Valvular heart disease, as well as a variety of septal defects and cardiac masses, can be detected and evaluated with CCTA. Valvular stenosis is suspected based upon the presence of valvular calcification or leaflet thickening. Accurate quantification of valvular area is possible using all of the data sets from a full cardiac cycle. Peak systolic excursion is obtained and valve area can be planimetered with a valve area calculated. Bicuspid configuration of the aortic valve is easily demonstrated with CCTA. Aortic regurgitation is suggested by an incomplete approximation of the valve leaflets, but cannot be quantified by CCTA techniques. By observing the mitral valve carefully throughout the cardiac cycle detection of both prolapse and stenosis are possible. Some centers have explored the use of CCTA as a replacement for invasive angiography pre-operatively in patients preparing for valvular surgery and the results are promising. Intra-cardiac thrombi, tumors, lipomas, pericardial calcification and effusion, and prosthetic valves are also assessable with CCTA.

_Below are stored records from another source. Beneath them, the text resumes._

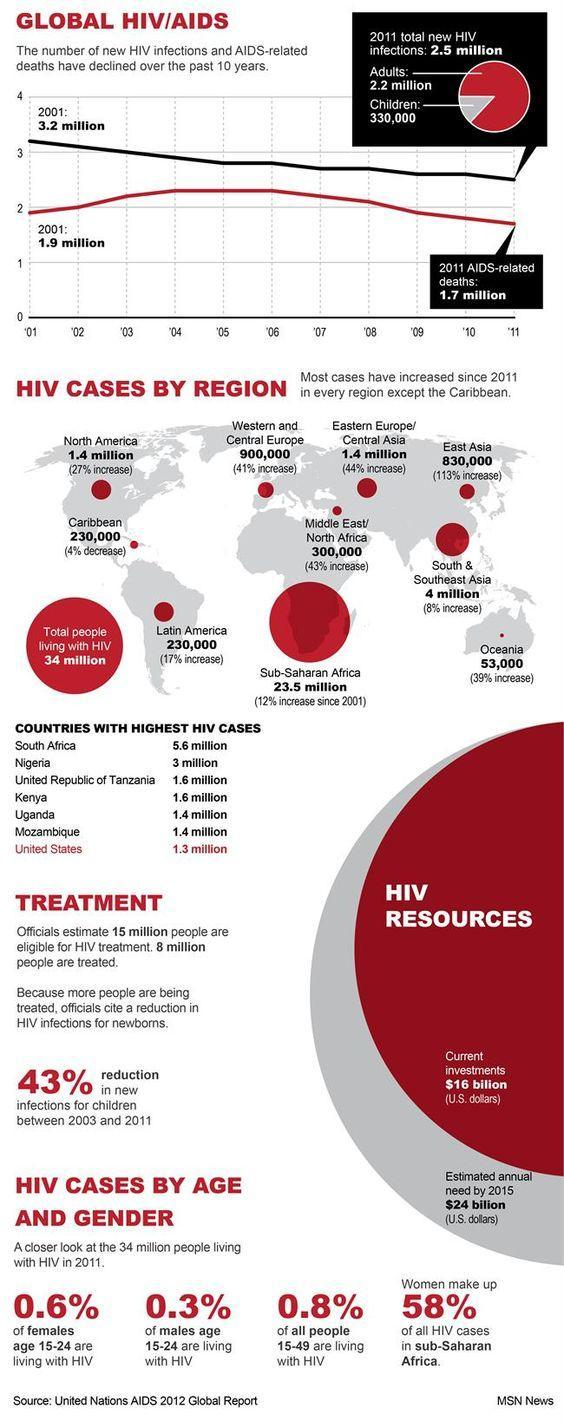What is ranking of Uganda in the list of highest HIV cases, first, third, fifth, or seventh ?
Answer the question with a short phrase. fifth Which region has the highest number of HIV cases? Sub-Saharan Africa What is lowest count of HIV cases by region? 53,000 What is the total number in both the American continents? 1,860,000 What is the difference in percentage increase of countries having a case count of 1.4 million? 17% What is the decline in new HIV infections from 2001 to 2011? 0.7 million Which region has the highest percentage increase of HIV cases? East Asia What is the decline in new HIV deaths from 2001 to 2011? 0.2 million Which regions have the same case counts? Caribbean, Latin America 
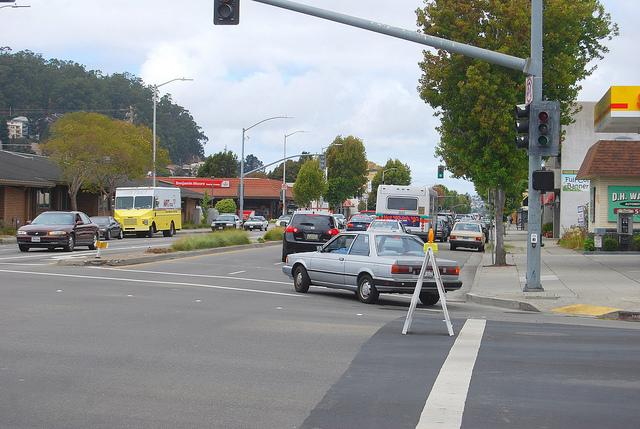What type of traffic does this road have? Please explain your reasoning. heavy. The traffic is heavy. 
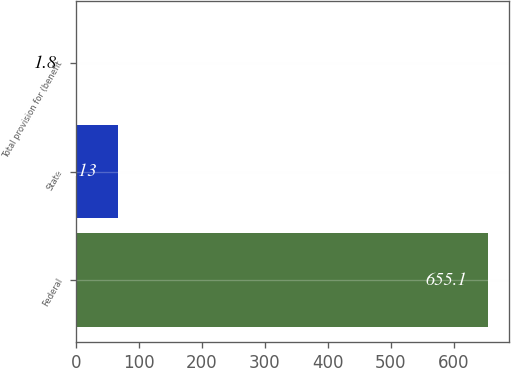Convert chart to OTSL. <chart><loc_0><loc_0><loc_500><loc_500><bar_chart><fcel>Federal<fcel>State<fcel>Total provision for (benefit<nl><fcel>655.1<fcel>67.13<fcel>1.8<nl></chart> 
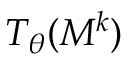Convert formula to latex. <formula><loc_0><loc_0><loc_500><loc_500>T _ { \theta } ( M ^ { k } )</formula> 
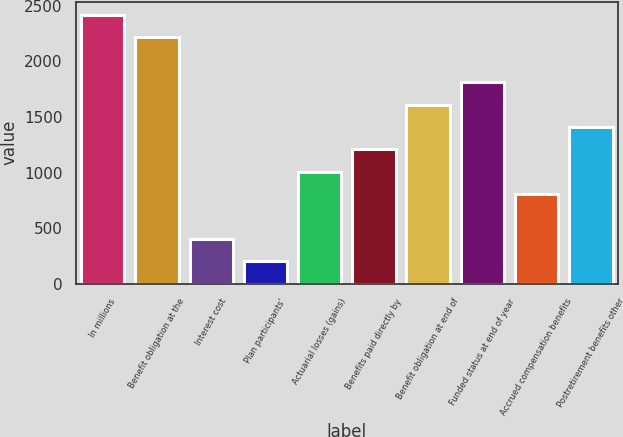Convert chart to OTSL. <chart><loc_0><loc_0><loc_500><loc_500><bar_chart><fcel>In millions<fcel>Benefit obligation at the<fcel>Interest cost<fcel>Plan participants'<fcel>Actuarial losses (gains)<fcel>Benefits paid directly by<fcel>Benefit obligation at end of<fcel>Funded status at end of year<fcel>Accrued compensation benefits<fcel>Postretirement benefits other<nl><fcel>2414.6<fcel>2213.8<fcel>406.6<fcel>205.8<fcel>1009<fcel>1209.8<fcel>1611.4<fcel>1812.2<fcel>808.2<fcel>1410.6<nl></chart> 
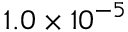<formula> <loc_0><loc_0><loc_500><loc_500>1 . 0 \times 1 0 ^ { - 5 }</formula> 
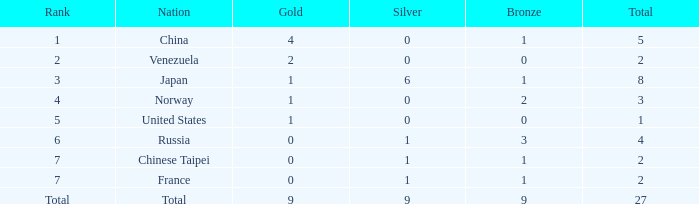When taking the nation's total and there are more than 1 gold, what is the complete quantity of bronze? 1.0. 
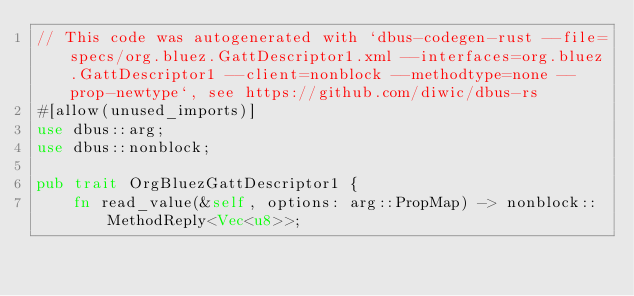Convert code to text. <code><loc_0><loc_0><loc_500><loc_500><_Rust_>// This code was autogenerated with `dbus-codegen-rust --file=specs/org.bluez.GattDescriptor1.xml --interfaces=org.bluez.GattDescriptor1 --client=nonblock --methodtype=none --prop-newtype`, see https://github.com/diwic/dbus-rs
#[allow(unused_imports)]
use dbus::arg;
use dbus::nonblock;

pub trait OrgBluezGattDescriptor1 {
    fn read_value(&self, options: arg::PropMap) -> nonblock::MethodReply<Vec<u8>>;</code> 
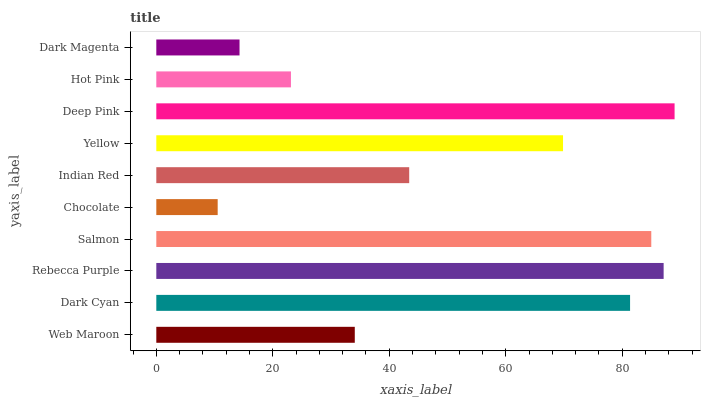Is Chocolate the minimum?
Answer yes or no. Yes. Is Deep Pink the maximum?
Answer yes or no. Yes. Is Dark Cyan the minimum?
Answer yes or no. No. Is Dark Cyan the maximum?
Answer yes or no. No. Is Dark Cyan greater than Web Maroon?
Answer yes or no. Yes. Is Web Maroon less than Dark Cyan?
Answer yes or no. Yes. Is Web Maroon greater than Dark Cyan?
Answer yes or no. No. Is Dark Cyan less than Web Maroon?
Answer yes or no. No. Is Yellow the high median?
Answer yes or no. Yes. Is Indian Red the low median?
Answer yes or no. Yes. Is Rebecca Purple the high median?
Answer yes or no. No. Is Yellow the low median?
Answer yes or no. No. 
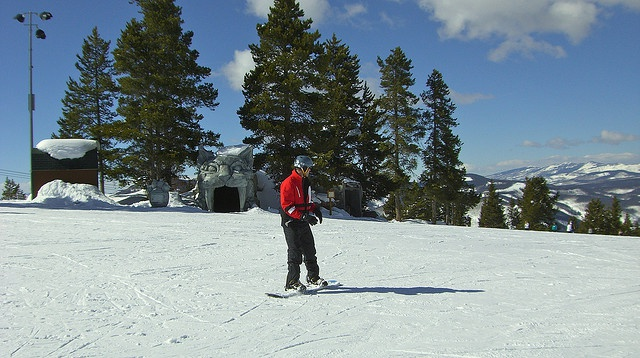Describe the objects in this image and their specific colors. I can see people in gray, black, maroon, and lightgray tones, snowboard in gray, lightgray, darkgray, and black tones, and people in gray, black, and teal tones in this image. 
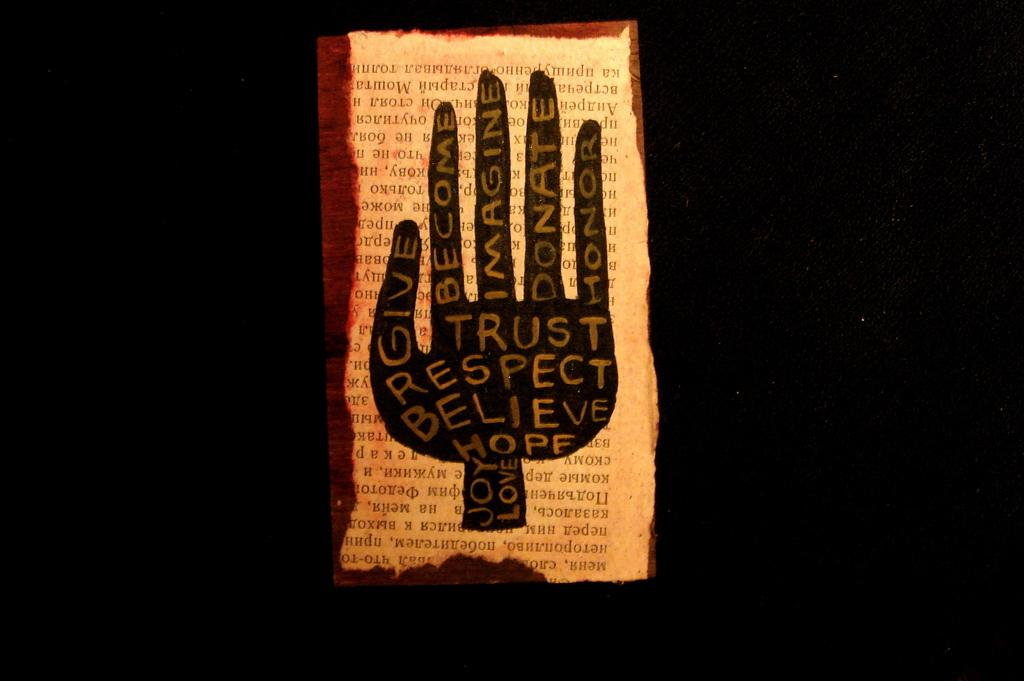<image>
Share a concise interpretation of the image provided. A book page features a black hand with the word trust on it. 
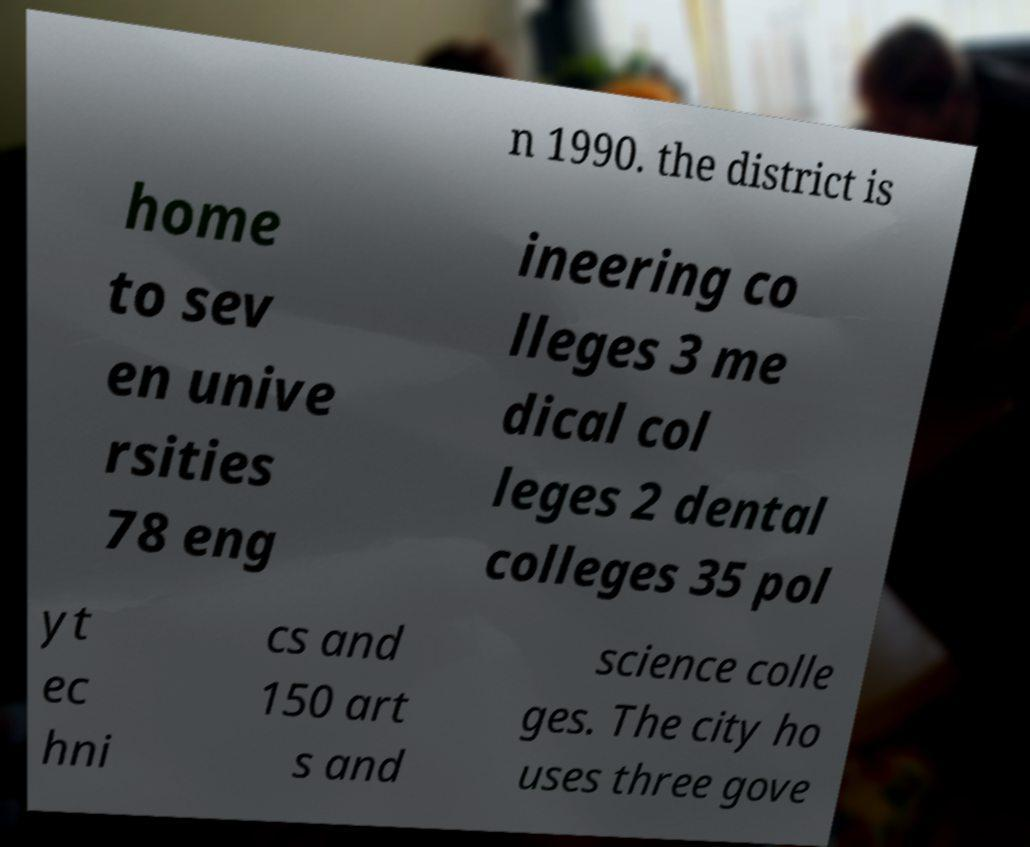What messages or text are displayed in this image? I need them in a readable, typed format. n 1990. the district is home to sev en unive rsities 78 eng ineering co lleges 3 me dical col leges 2 dental colleges 35 pol yt ec hni cs and 150 art s and science colle ges. The city ho uses three gove 
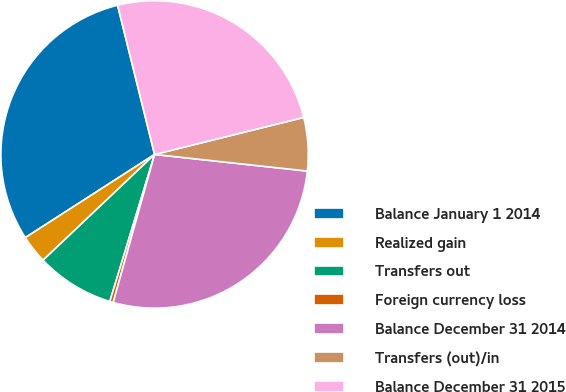Convert chart. <chart><loc_0><loc_0><loc_500><loc_500><pie_chart><fcel>Balance January 1 2014<fcel>Realized gain<fcel>Transfers out<fcel>Foreign currency loss<fcel>Balance December 31 2014<fcel>Transfers (out)/in<fcel>Balance December 31 2015<nl><fcel>30.24%<fcel>2.98%<fcel>8.22%<fcel>0.36%<fcel>27.62%<fcel>5.6%<fcel>25.0%<nl></chart> 
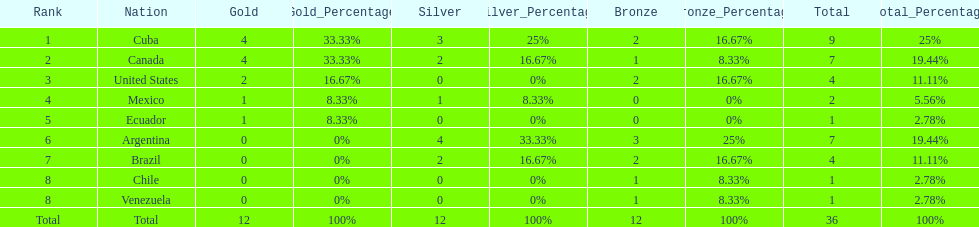What were the amounts of bronze medals won by the countries? 2, 1, 2, 0, 0, 3, 2, 1, 1. Which is the highest? 3. Which nation had this amount? Argentina. 
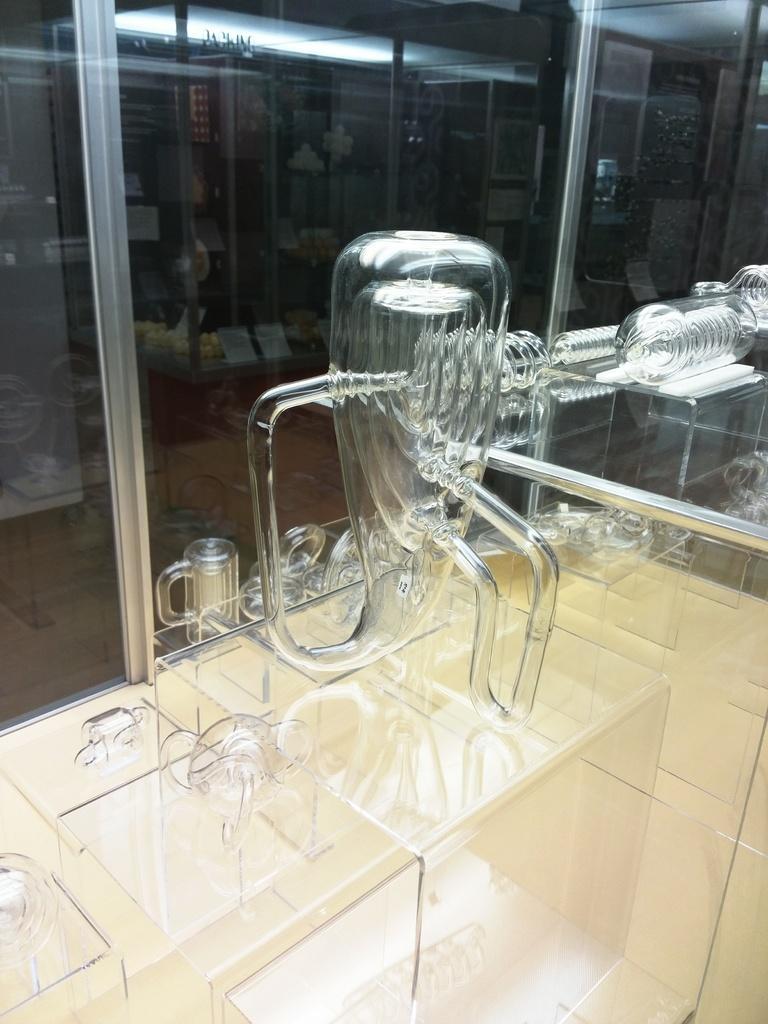Please provide a concise description of this image. In this picture I can see there is a glass utensil and it is placed on a surface and in the backdrop there is a glass window.

CCTA continues to evolve as new technological advances are made. As scanners continue to improve, the ability to non-invasively image coronary anatomy will become a reality for most patients. Already a large number of patients can use this modality as their diagnostic entry point for evaluation of possible angina. While not a universal replacement for invasive angiography, CCTA is certainly an alternative for selected patients. CCTA also provides a diagnostic alternative for a wide variety of non-coronary pathologic conditions.With rapid technological advances in CT, the widespread use of this technology in a more general patient population is on the horizon.